Sketch of Van Gogh drawn by his friend found in museum

A portrait of Vincent van Gogh has been discovered in a sketchbook held in a museum archive for more than 45 years.
The previously unknown sketch by French artist Emile Bernard shows Van Gogh sat at a table in a Paris café with two women.
Dorothee Hansen, curator of the exhibition, Emile Bernard: On the Pulse of Modernity, which opens next week at the Kunsthalle Bremen in Germany, identified the portrait. She said: “It was great; it’s a wonderful addition to the collection. There are so few portraits of Van Gogh from this period.”
The curator found the postcard-sized sketch in an album of Bernard’s work that had been held in the museum’s archives since 1970. This sketch had remained undiscovered because the album, containing more than 850 works, was so disordered.

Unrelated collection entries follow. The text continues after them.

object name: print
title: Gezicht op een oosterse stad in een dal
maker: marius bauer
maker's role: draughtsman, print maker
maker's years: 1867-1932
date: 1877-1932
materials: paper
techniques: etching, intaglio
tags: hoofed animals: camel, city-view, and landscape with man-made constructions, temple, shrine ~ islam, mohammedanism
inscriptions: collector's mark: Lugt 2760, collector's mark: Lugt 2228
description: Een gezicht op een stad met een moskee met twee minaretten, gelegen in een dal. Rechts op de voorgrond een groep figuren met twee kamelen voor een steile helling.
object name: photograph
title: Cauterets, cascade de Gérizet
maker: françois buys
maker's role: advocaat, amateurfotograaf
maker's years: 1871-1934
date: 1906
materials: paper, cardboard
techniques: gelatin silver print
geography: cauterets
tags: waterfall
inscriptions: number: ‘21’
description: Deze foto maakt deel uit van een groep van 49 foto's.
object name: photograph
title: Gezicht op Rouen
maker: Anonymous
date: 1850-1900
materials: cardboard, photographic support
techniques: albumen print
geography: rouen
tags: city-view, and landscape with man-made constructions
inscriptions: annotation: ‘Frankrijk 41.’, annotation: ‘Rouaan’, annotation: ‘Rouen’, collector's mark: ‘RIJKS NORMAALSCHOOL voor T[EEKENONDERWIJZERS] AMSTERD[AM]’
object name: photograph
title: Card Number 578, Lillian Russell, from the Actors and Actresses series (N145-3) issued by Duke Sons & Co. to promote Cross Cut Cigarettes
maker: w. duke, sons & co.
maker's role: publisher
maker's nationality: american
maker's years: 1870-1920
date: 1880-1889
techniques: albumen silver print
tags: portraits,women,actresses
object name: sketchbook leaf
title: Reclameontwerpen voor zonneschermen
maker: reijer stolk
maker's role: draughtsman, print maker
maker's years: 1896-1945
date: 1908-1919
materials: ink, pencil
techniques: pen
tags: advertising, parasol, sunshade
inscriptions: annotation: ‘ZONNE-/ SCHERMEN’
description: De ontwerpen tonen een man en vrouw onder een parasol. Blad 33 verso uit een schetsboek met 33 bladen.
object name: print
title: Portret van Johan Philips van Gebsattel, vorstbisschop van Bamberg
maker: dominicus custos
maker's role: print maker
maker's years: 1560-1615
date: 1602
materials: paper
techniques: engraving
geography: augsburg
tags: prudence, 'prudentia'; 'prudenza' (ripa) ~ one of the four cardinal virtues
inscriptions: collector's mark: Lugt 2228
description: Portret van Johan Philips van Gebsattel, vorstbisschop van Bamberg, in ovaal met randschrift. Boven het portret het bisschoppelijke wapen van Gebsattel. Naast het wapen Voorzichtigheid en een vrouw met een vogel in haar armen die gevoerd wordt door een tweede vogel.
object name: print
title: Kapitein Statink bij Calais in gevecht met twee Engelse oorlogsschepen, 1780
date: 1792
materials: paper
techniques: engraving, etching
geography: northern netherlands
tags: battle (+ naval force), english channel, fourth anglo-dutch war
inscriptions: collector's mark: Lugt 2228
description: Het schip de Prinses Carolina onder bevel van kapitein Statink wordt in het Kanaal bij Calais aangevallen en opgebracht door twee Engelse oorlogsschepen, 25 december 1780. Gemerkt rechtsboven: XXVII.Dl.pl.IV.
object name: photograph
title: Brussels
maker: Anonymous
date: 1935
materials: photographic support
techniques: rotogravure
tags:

“It was chaos,” Dr Hansen said. “There was no chronology and there were different techniques and styles. It was different to find a way through.” The earliest sketch was made when the artist was 13, and the latest was in his sixties.
Dr Hansen identified the sketch, which was first published in The Art Newspaper, as Van Gogh, a close friend of the artist, and added it was most likely drawn in 1886 or 1887. “It looks really like Van Gogh, especially if you compare the sketch with his self-portraits of 1887. It’s not just the physiognomy but the direct, critical expression,” said the curator.
“We know they were close friends in those days and Van Gogh gave him a self-portrait.”